In an elementary topos, can we conclude that the power object functor $P:\mathcal{E}\to\mathcal{E}^\text{op}$ is faithful, i.e. if $Pf=Pg:PY\to PX$ then $f=g:X\to Y$?
Scroll down for (incomplete) textbook proof!
If $f\neq g$ then the equalizer of $f$ and $g$ must be different from $X$, but I don't see directly how that would help.
My idea was the following:
We can construct the singleton map $\{\cdot\}_Y:Y\to PY$. Then I believe that we can construct $\ulcorner x\in Pf(\{y\})\urcorner$ as a subobject of $X\times Y$ hence we have a map $f':X\to PY$ constructed from $Pf$. For this map, the subobject $\ulcorner f'(x)\text{ is singleton}\urcorner$ should be equal to $X$ (but I don't know how to prove it). Now I wonder if this suffices, i.e. when we have $f,g:X\to Y$ with $\ulcorner f(x)\in f'(x)\urcorner$ and $\ulcorner g(x)\in f'(x)\urcorner$ both equal to $X$ (i.e. true on all of $X$), would $f=g$ follow from here?
Or in other words, given a map $f':X\to PY$, can we construct $f'':X'\to Y$, where $X'$ is the subobject $\ulcorner f'(x)\text{ is singleton}\urcorner$, with the property $\ulcorner f''(x)\in f(x)\urcorner$, something like choice for singletons?

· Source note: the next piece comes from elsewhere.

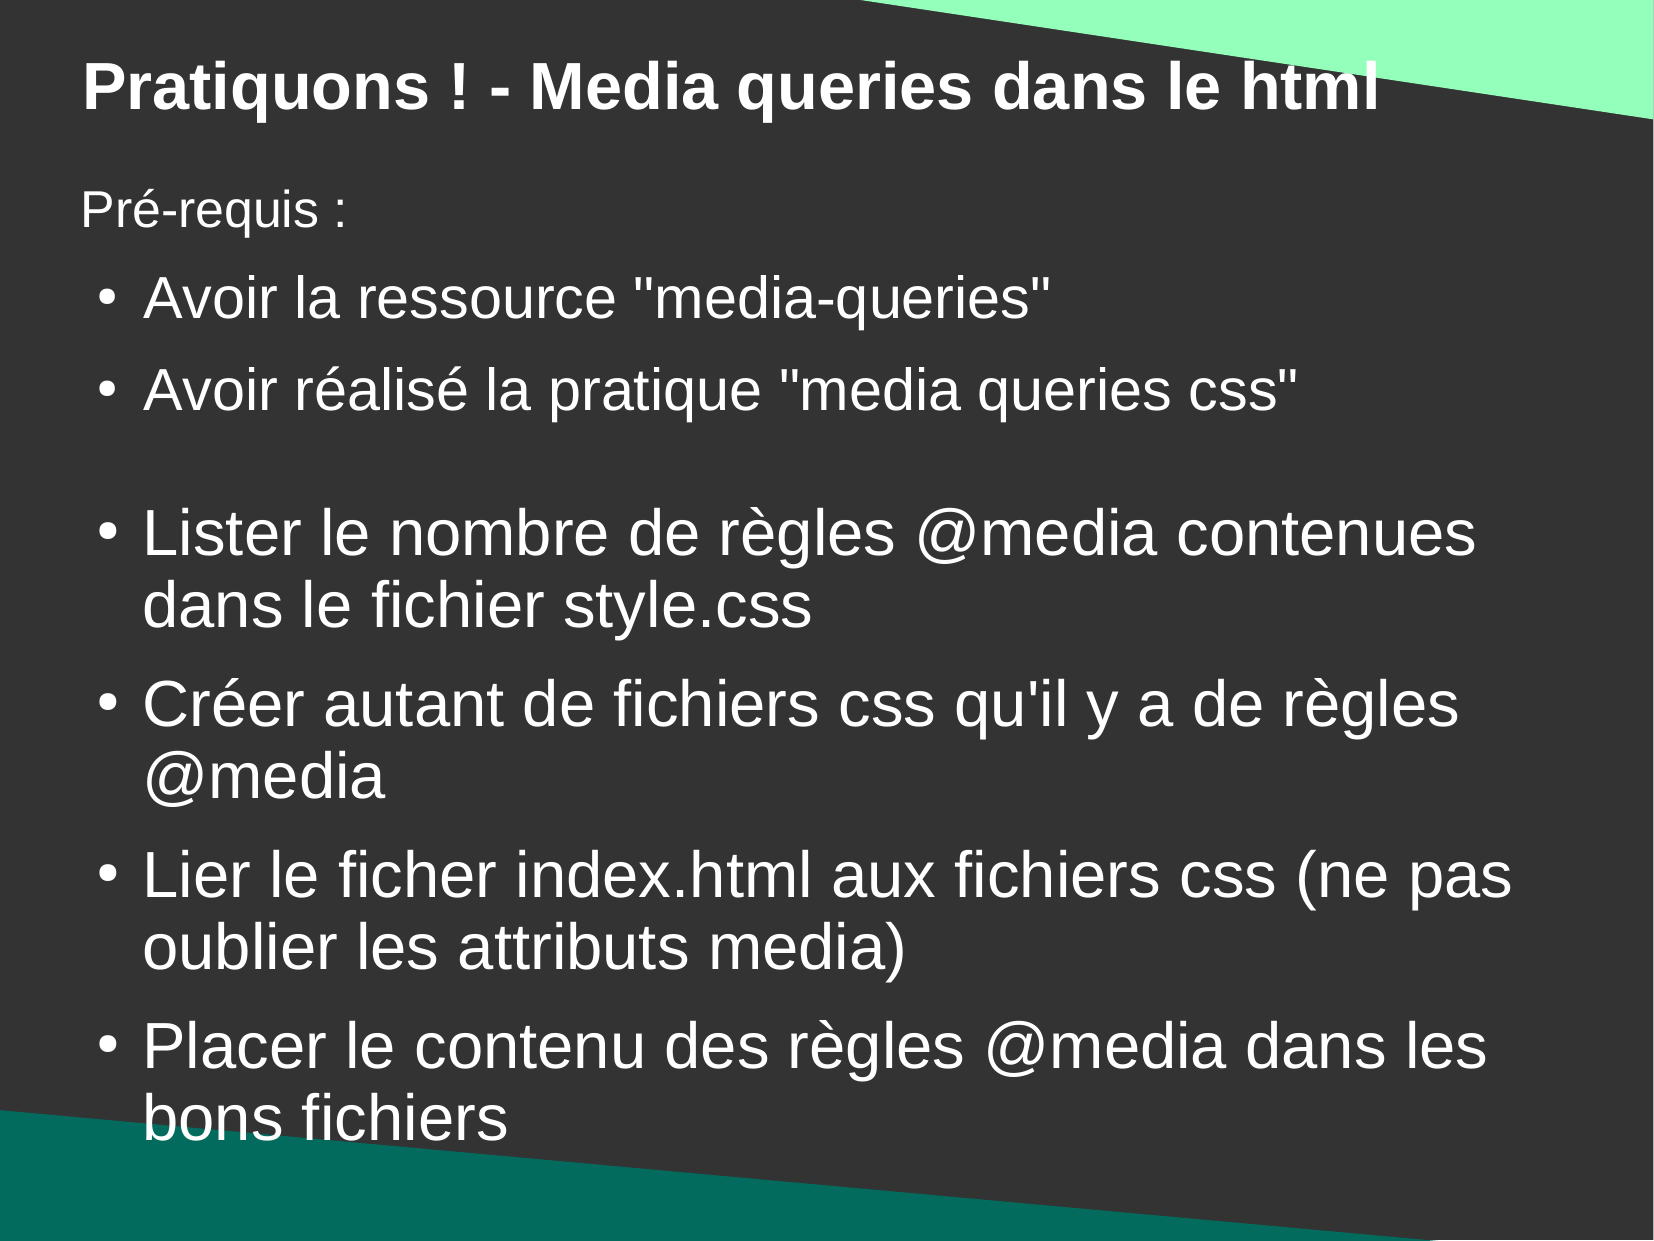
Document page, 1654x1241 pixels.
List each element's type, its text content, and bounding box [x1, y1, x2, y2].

[EDIT] I Found a proof in Sheaves In Geometry And Logic:
But there is still some argument left out. Overall, it seems not too far from my own thoughts. But I still fail to put everything together.
Best Answer
This answer is probably not what you want, but I felt that it might still be interesting. Because every elementary topos supports constructive reasoning via its "internal language", it is enough to give a constructive proof of the set/type-theoretic naive element-based analog:
Let $x \in X$. By definition, we have $x \in (Pf)(\{f(x)\})$. By $Pf = Pg$, we also have $x \in (Pg)(\{f(x)\})$. By definition, this amounts to $g(x) \in \{f(x)\}$, so $f(x) = g(x)$.